Могучая воля, стремление объять все мироздание в череде веков, жажда жизни и с небом гордая вражда, поскольку человек сознает себя равным и ангелам, и Богу в познании всего сущего и как творца, – это все черты ренессансного миросозерцания, и они-то определяют жизнь и творчество Лермонтова, не узнанные как таковые ни им, ни его современниками, что, вместо восхищения, возбуждало лишь порицания и преследование верховной властью, носительницы феодальной реакции.
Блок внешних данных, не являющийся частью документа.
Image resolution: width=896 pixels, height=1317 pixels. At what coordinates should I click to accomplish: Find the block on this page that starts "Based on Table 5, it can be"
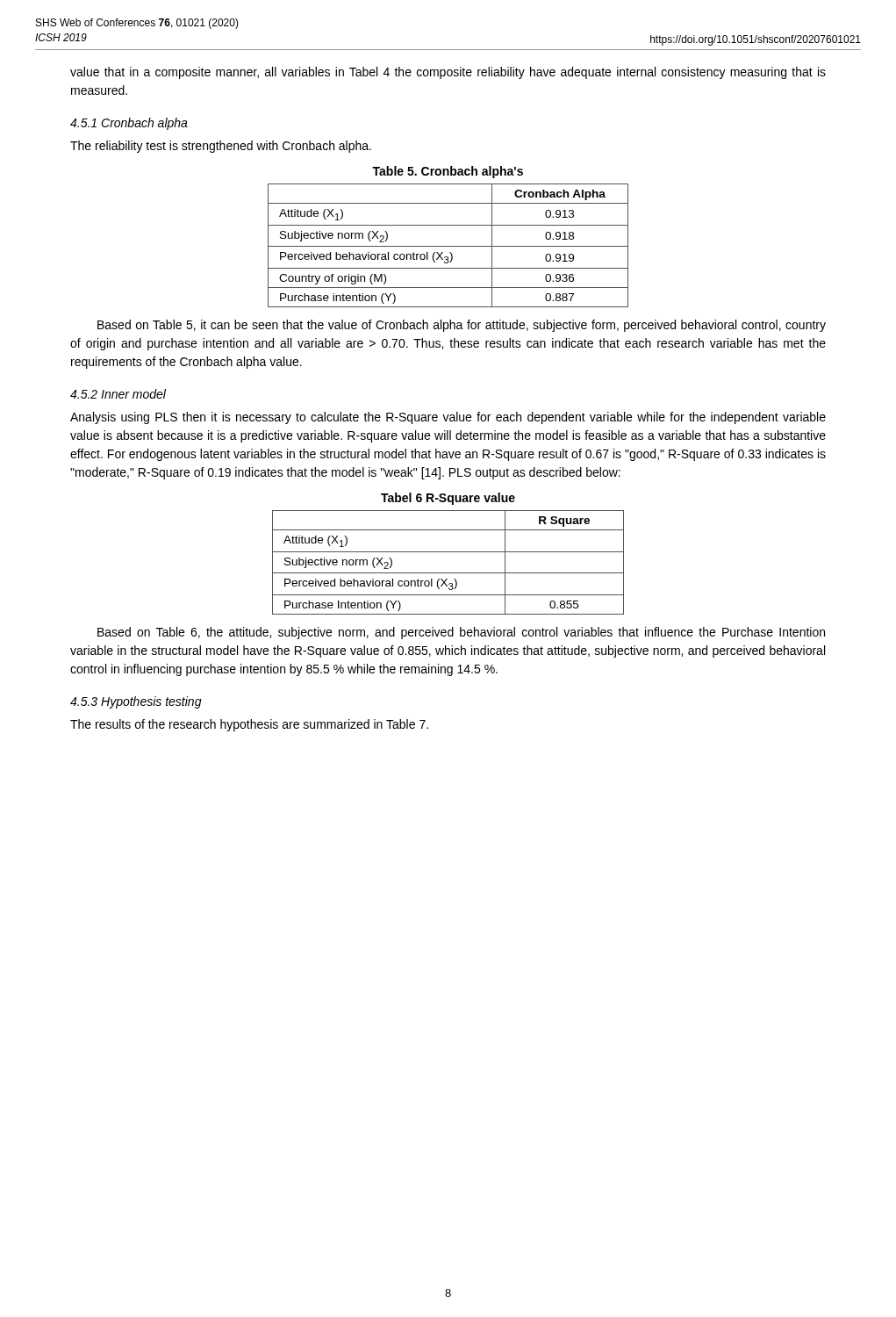point(448,343)

Лермонтов почувствовал радость и свободу, как бывает, когда художник завершает свой труд. Он забегал и запрыгал, как ребенок. Случилось по ту пору, откуда-то попалась ему в руки маленькая сабля, и он отправился на смотр с нею, вместо сабли обычных размеров. Великий князь Михаил Павлович отобрал у него саблю, отдал ее детям поиграть, а Лермонтова посадил под арест на срок больший, чем обычно. Он не скучал, его навещали друзья, но бабушка, от которой скрыли поначалу об аресте, начала беспокоиться и, в конце концов, слегла.

* * *

В это время в Петербурге поселилась одна из московских тетушек Лермонтова Елизавета Аркадьевна Верещагина, мать Сашеньки Верещагиной, вышедшей замуж в Штутгарте за барона Хюгеля. Она постоянно сообщала новости о Лермонтове дочери, переписывала его стихи и посылала ей, зная, что ей это приятно и чтоб не забывала читать по-русски.
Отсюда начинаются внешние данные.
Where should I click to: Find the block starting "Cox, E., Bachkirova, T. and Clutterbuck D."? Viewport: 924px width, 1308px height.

«Миша Лермонтов сидел под арестом очень долго, – писала Елизавета Аркадьевна дочери. – Сам виноват. Как ни таили от Елизаветы Алексеевны – должны были сказать. И очень было занемогла, пиявки ставили. Философов довел до сведения великого князя, и его к бабушке выпустили. Шалость непростительная, детская».

Лермонтов, оставив на время мысли об отставке, как пишет он к Марии Александровне, «просил отпуска на полгода – отказали, на 28 дней – отказали, на 14 дней – великий князь и тут отказал. Все это время я надеялся видеть вас.
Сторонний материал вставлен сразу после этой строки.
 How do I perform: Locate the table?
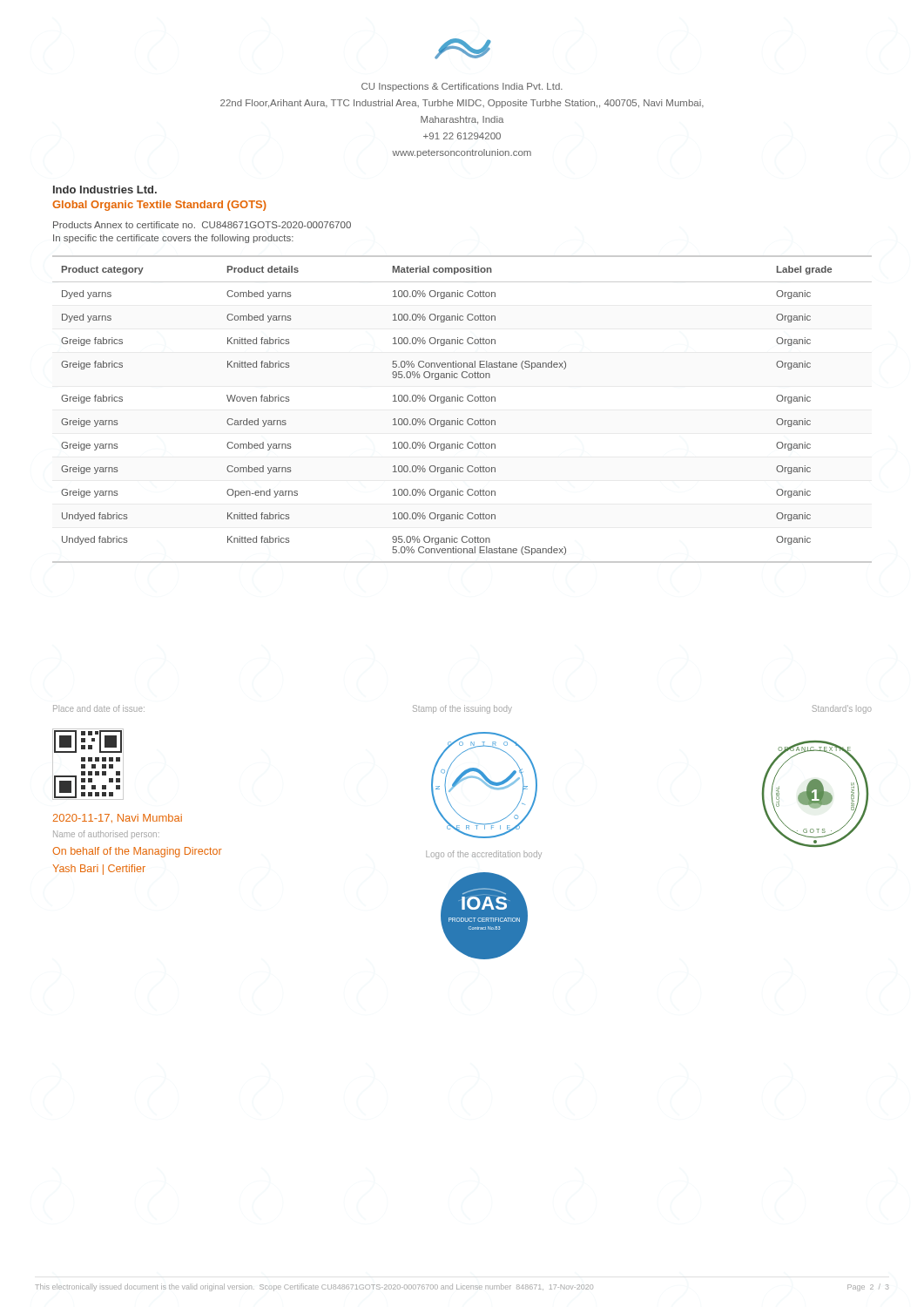pos(462,413)

Надо вам сказать, – продолжал он, – что я несчастнейший человек; вы поверите мне, когда узнаете, что я каждый день езжу на балы. Я пустился в большой свет. В течение месяца на меня была мода, меня буквально рвали друг у друга. Это, по крайней мере, откровенно. Все эти люди, которых я поносил в своих стихах, стараются льстить мне. Самые хорошенькие женщины выпрашивают у меня стихов и хвастаются ими как триумфом. Тем не менее я скучаю. Просился на Кавказ – отказали, не хотят даже, чтобы меня убили».

В бездне отчаяния вдруг загоралась мысль – мотив для стиха или замысел поэмы или повести. Обстоятельства, которые составляли основу начатого романа «Княгиня Лиговская», переменились, как писал Лермонтов Раевскому, и он не мог отступить от истины. Какие обстоятельства? От какой истины? Он понял, что идея литературной мести, которой он загорелся, смешна, чисто детская, да к тому же та, о ком он думал с предубеждением, даже со злостью из-за ее замужества, не была ни в чем повинна перед ним, если искать виноватых, только он сам во всем виноват, хотя опять-таки без прямой вины. Просто человеческие упования и страсти, лучшие из них, на земле этой тщетны, даже если они достигают цели, оканчиваются ни с чем, если не предательством и самой обыкновенной пошлостью жизни.

Обстоятельства, которые составляли основу задуманного ранее романа, действительно переменились, точнее, предстали в совершенно новом свете, с неожиданным продолжением в жизни. Истина заключалась, вероятно, в любви, вспыхнувшей вновь, на новой ступени бытия. Но замысел романа лишь претерпел изменения, примерно те же, что и поэмы «Демон», наполняясь действительным содержанием жизни и жизни именно на Кавказе с его просторами до неба и свободой, с его разреженным воздухом на вершинах, которым дышать ему было столь отрадно.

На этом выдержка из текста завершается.